** Work task **
Your answer must consist of exactly the lines below, starting with the line with "Numbers: x, y, z, sx, sy, sz, roll, pitch, yaw. Meters" and going on through the line with "6) traffic sign [281,404,334,584]", and nothing else.

** Supplied material **
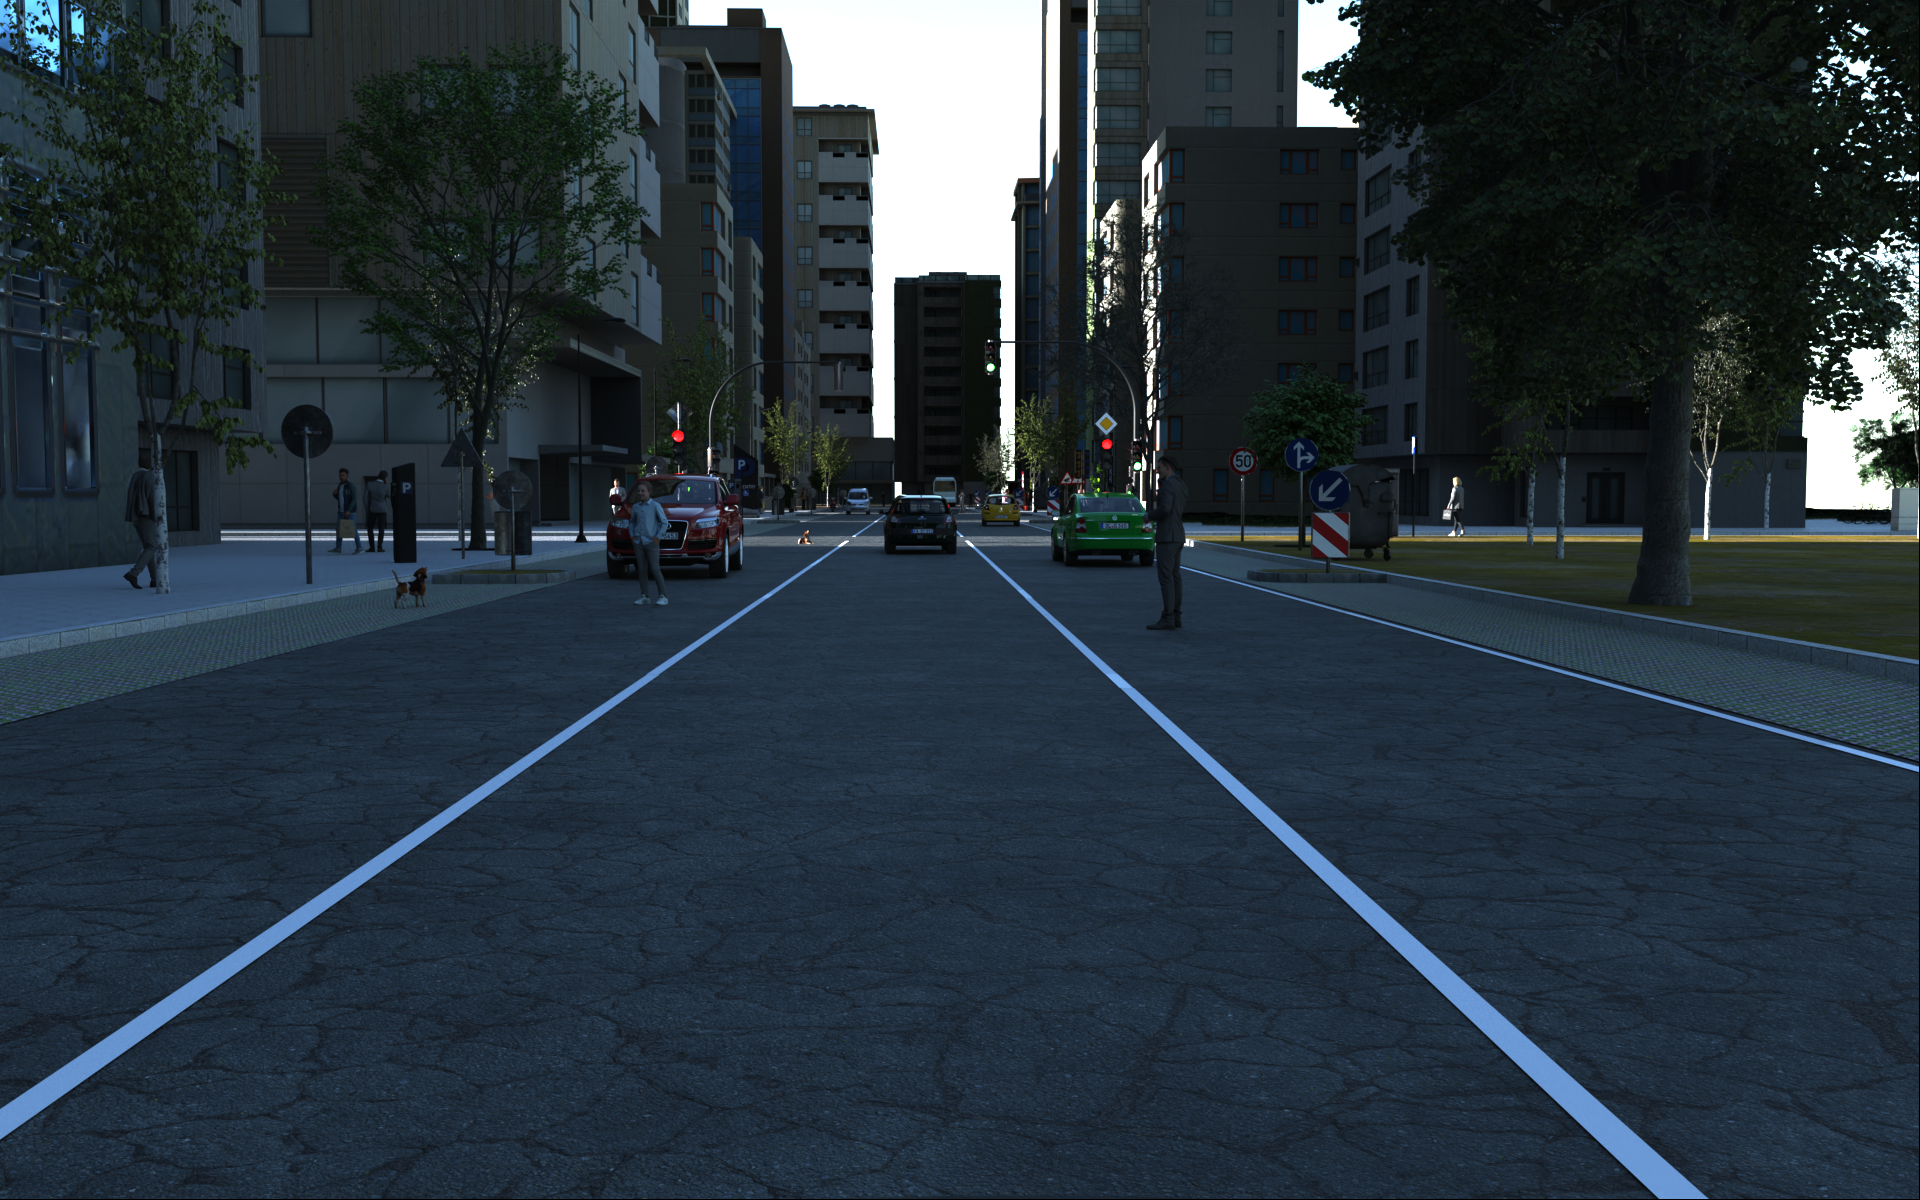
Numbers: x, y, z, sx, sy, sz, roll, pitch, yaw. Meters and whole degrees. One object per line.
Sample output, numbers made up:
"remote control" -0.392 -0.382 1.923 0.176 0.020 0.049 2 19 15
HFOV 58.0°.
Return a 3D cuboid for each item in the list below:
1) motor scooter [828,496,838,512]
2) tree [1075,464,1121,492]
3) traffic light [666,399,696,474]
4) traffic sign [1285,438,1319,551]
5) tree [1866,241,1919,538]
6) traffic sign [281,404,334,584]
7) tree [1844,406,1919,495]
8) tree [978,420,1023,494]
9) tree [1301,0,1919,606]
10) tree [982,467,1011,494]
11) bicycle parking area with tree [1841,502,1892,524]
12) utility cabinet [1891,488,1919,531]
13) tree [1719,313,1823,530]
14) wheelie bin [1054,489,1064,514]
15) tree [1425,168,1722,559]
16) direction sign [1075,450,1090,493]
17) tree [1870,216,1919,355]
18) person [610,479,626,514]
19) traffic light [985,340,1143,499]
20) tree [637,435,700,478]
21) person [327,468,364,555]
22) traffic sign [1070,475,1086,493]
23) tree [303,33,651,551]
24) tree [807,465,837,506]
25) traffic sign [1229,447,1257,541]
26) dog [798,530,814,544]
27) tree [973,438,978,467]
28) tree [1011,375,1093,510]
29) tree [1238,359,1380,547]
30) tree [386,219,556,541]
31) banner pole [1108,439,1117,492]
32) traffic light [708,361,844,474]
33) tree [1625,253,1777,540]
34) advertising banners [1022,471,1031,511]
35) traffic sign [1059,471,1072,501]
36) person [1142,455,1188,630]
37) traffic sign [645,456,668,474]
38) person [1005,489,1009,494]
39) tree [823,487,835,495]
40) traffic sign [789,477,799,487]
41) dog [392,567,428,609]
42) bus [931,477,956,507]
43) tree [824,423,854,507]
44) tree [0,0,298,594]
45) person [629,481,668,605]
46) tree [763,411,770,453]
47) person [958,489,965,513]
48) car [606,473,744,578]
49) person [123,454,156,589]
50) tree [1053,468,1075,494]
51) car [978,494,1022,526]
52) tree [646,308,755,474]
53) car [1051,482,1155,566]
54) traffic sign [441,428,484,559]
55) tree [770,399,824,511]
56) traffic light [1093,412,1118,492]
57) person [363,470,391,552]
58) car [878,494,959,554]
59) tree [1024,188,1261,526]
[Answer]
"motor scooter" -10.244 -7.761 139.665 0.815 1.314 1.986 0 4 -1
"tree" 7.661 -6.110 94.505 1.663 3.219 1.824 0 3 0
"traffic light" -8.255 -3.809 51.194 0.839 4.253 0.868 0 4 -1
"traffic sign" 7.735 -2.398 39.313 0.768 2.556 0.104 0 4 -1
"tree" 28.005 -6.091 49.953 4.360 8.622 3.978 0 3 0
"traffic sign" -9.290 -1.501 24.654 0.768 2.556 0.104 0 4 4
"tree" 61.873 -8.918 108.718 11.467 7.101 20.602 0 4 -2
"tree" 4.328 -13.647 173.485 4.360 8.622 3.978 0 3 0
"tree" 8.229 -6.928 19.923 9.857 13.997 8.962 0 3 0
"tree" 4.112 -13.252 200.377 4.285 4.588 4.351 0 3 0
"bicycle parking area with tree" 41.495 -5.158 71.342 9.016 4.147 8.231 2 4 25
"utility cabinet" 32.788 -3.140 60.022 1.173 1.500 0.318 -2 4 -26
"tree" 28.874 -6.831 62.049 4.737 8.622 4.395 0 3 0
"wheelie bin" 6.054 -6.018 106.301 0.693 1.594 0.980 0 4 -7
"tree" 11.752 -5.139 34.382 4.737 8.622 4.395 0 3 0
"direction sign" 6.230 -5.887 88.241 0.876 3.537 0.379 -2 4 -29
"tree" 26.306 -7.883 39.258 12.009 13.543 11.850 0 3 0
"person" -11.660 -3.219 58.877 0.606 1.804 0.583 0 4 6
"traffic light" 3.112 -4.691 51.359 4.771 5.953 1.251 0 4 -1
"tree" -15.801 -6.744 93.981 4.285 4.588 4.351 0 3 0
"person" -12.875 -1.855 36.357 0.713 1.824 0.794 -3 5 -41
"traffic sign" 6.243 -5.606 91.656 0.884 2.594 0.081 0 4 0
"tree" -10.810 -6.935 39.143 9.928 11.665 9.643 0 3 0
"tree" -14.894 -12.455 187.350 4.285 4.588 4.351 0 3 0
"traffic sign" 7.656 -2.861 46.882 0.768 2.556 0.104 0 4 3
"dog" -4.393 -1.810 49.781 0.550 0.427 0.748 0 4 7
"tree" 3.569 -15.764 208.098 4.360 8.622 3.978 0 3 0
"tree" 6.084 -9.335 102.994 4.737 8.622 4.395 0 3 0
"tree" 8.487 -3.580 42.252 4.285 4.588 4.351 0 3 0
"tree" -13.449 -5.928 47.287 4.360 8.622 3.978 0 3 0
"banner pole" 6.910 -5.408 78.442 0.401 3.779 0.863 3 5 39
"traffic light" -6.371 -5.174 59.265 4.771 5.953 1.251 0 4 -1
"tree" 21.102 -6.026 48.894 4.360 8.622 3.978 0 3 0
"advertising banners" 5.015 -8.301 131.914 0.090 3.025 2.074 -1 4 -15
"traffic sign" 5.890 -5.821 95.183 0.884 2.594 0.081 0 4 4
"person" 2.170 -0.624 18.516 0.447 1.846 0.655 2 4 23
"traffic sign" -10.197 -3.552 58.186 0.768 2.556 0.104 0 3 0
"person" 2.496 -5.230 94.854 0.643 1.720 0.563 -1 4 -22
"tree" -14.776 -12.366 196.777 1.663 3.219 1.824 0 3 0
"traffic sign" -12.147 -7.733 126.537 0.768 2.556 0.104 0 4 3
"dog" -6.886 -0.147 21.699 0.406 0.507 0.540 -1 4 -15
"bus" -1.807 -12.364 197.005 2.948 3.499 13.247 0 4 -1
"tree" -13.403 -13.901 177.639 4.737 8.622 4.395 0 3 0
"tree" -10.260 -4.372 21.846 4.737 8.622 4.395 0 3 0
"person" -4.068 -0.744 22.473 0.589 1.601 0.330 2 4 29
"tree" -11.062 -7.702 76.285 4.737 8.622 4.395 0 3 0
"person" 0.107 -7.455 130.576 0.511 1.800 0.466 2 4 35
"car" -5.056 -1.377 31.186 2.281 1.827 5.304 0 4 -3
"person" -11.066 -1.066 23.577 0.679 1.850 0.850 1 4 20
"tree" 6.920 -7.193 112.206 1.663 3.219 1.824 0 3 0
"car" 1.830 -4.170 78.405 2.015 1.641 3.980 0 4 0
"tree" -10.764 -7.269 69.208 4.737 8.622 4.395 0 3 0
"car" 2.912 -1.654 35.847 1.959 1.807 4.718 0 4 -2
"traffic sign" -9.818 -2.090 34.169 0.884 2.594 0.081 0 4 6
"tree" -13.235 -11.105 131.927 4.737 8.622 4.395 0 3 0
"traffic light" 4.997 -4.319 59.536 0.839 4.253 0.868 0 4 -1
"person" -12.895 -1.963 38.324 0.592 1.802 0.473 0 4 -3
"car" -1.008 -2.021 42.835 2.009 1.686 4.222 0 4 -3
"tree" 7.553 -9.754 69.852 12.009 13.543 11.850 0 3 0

--

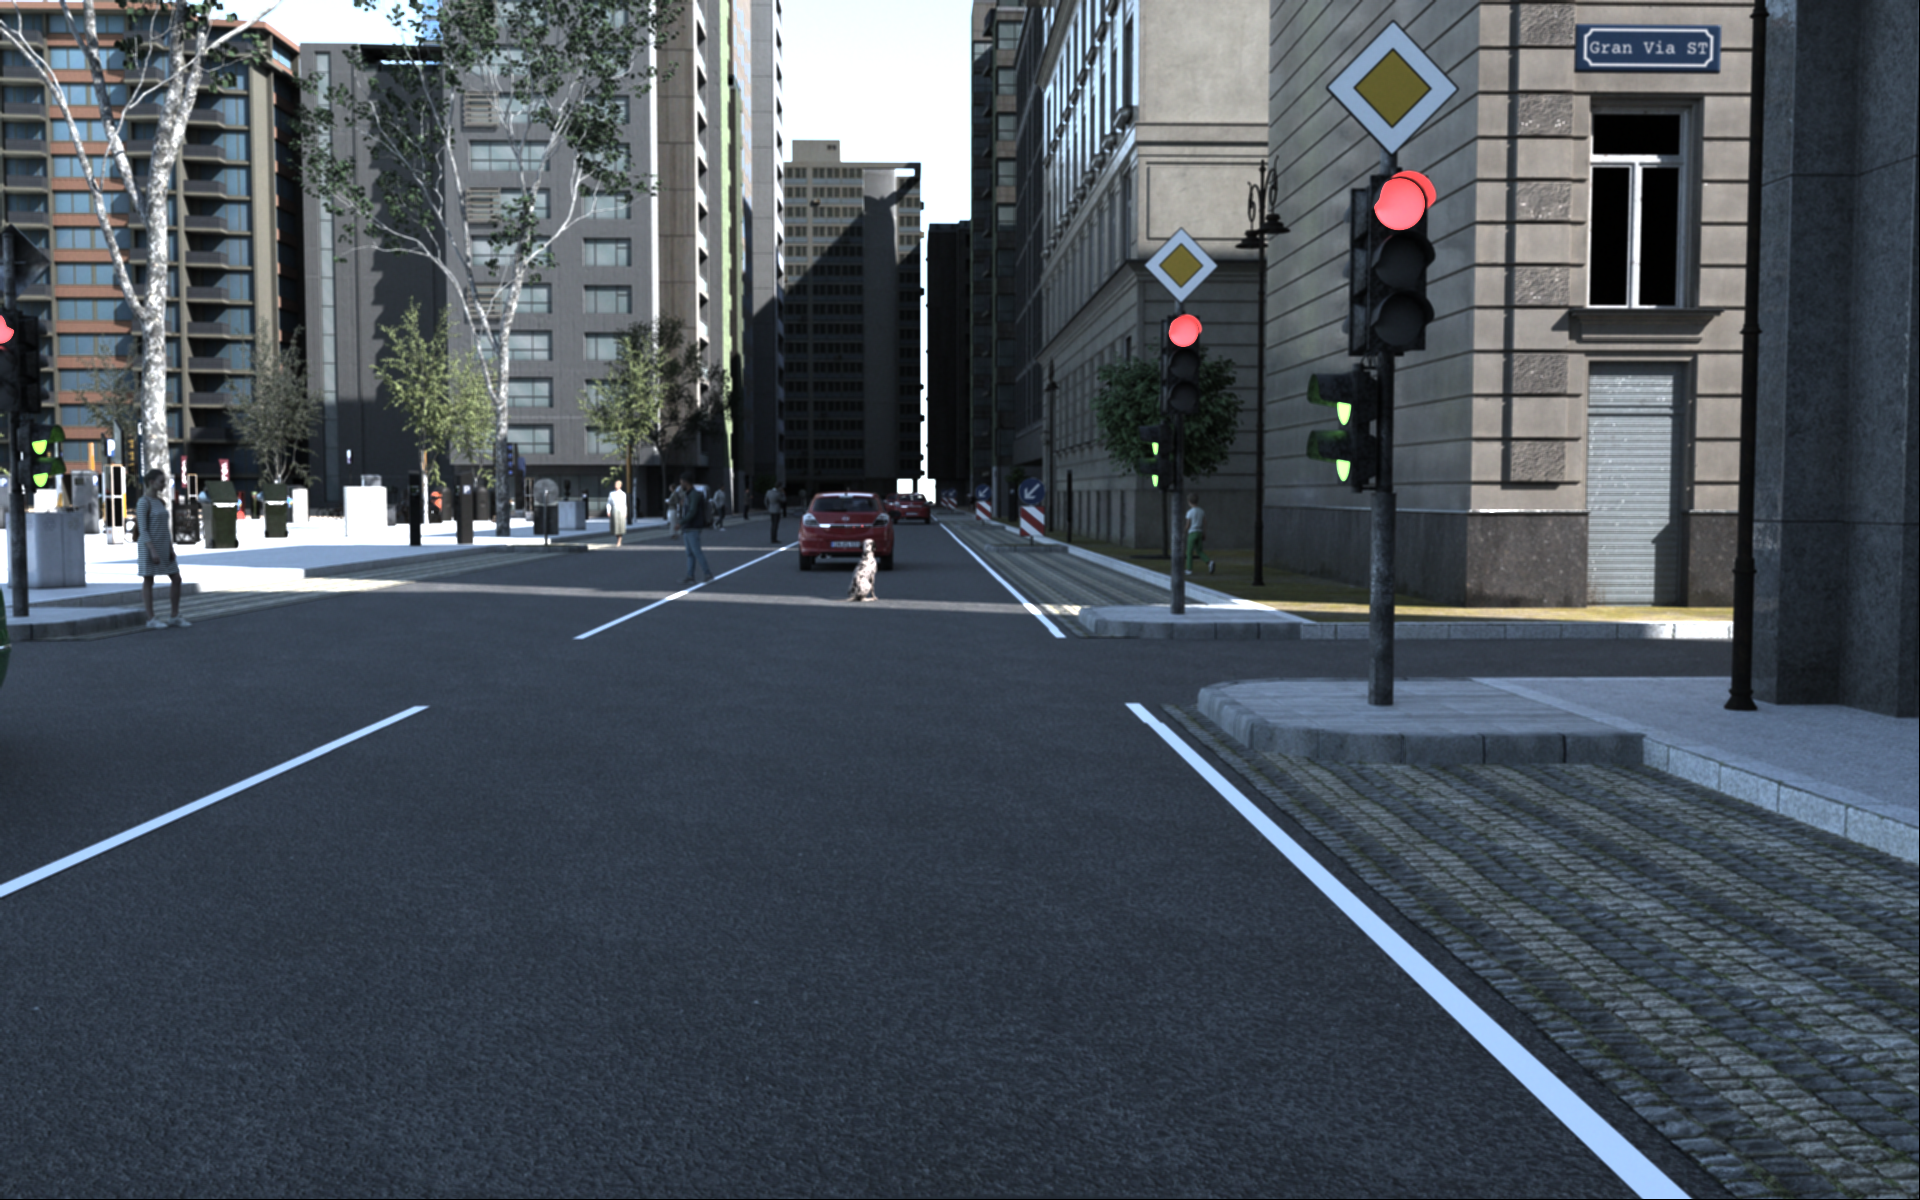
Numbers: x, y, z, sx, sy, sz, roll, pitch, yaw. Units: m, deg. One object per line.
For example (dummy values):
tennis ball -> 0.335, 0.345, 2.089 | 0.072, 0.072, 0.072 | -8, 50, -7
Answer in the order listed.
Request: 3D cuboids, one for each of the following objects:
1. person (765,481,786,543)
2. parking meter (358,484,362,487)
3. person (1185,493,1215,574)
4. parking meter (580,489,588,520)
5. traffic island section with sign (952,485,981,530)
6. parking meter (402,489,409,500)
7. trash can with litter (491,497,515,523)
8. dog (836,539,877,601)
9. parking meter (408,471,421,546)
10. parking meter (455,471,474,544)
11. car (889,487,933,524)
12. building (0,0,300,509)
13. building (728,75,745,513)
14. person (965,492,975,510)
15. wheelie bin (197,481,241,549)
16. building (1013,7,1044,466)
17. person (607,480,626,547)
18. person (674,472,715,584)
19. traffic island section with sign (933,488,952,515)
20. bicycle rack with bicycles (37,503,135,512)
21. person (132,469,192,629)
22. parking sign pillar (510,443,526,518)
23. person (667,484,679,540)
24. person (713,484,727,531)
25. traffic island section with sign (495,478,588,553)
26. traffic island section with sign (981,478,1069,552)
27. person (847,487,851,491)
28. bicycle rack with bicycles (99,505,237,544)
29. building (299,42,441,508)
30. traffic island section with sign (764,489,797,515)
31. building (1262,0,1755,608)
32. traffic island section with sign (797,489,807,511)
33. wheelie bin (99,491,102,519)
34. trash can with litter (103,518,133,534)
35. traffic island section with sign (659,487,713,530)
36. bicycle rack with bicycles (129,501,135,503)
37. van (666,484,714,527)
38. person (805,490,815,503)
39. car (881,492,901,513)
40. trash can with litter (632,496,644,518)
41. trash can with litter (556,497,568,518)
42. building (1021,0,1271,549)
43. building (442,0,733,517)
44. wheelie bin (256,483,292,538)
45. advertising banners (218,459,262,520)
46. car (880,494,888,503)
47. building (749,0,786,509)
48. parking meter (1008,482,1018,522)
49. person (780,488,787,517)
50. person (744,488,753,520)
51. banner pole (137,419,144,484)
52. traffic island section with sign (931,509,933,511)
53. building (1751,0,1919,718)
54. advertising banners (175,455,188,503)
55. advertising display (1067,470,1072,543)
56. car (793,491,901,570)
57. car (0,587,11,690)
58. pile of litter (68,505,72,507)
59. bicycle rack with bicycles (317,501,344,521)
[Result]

--

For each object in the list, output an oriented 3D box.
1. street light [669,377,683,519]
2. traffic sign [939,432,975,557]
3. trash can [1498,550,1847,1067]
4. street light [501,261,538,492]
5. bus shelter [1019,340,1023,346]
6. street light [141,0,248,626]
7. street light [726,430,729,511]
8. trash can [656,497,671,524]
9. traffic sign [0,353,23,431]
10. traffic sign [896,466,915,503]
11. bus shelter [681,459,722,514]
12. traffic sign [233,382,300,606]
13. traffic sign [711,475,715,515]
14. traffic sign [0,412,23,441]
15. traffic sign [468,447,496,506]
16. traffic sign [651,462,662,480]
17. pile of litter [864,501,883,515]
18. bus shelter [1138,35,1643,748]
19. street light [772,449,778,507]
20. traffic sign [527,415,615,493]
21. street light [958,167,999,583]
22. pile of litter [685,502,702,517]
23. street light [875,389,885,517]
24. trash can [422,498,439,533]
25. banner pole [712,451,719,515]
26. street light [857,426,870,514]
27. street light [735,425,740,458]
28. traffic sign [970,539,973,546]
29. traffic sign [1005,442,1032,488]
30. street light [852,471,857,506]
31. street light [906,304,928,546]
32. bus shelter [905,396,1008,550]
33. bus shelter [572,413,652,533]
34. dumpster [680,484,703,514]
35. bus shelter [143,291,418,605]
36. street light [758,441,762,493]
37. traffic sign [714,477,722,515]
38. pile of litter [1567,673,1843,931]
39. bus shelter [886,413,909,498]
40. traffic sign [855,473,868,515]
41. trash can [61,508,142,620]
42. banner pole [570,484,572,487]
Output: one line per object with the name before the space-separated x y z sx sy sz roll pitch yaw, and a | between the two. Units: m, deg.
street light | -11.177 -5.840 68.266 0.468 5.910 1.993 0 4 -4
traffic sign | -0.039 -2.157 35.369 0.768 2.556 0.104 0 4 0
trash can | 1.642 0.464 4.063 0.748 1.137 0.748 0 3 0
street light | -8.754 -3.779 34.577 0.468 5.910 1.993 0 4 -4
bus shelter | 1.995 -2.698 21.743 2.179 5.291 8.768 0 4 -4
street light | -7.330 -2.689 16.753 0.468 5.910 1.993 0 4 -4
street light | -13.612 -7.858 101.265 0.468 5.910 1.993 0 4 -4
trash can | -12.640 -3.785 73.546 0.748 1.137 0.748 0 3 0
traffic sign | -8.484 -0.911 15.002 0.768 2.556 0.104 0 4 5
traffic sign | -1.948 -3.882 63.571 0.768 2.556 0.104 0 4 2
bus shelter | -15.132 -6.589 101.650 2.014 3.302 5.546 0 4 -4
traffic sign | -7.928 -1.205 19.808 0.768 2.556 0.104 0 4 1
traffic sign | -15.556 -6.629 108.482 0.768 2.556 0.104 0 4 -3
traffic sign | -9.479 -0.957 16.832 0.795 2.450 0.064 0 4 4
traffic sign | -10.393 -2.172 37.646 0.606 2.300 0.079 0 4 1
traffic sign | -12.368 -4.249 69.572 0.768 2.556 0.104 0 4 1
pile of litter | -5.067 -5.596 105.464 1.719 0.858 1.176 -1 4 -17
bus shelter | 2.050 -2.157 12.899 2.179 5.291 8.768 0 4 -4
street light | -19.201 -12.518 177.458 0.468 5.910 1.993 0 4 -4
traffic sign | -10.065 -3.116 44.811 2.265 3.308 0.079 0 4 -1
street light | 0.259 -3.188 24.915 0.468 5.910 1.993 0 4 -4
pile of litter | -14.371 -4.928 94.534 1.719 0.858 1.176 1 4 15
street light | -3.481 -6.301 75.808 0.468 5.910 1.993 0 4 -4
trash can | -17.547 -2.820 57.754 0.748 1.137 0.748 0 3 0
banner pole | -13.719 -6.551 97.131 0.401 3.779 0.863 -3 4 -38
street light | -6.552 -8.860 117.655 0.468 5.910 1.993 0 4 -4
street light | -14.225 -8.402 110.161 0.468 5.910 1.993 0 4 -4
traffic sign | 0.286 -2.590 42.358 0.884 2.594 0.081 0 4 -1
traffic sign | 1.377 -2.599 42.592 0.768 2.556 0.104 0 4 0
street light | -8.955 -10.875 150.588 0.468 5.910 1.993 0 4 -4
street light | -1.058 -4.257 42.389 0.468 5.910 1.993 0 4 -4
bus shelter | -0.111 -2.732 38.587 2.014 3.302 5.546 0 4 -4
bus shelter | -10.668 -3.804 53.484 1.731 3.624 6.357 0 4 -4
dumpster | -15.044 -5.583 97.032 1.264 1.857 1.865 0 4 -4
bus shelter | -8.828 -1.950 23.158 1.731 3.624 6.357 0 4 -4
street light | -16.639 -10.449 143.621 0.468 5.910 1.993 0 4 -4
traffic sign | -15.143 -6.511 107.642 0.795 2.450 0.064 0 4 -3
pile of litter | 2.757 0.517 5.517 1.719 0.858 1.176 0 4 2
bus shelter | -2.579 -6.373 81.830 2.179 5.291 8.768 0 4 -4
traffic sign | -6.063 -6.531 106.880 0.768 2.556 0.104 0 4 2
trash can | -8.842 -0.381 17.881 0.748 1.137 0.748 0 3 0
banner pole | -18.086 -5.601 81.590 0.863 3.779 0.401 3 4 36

** Exercise solution **
Numbers: x, y, z, sx, sy, sz, roll, pitch, yaw. Meters and whole degrees. One object per line.
Sample output, numbers made up:
"remote control" -0.392 -0.382 1.923 0.176 0.020 0.049 2 19 15
HFOV 58.0°.
Return a 3D cuboid for each item in the list below:
1) motor scooter [828,496,838,512]
2) tree [1075,464,1121,492]
3) traffic light [666,399,696,474]
4) traffic sign [1285,438,1319,551]
5) tree [1866,241,1919,538]
6) traffic sign [281,404,334,584]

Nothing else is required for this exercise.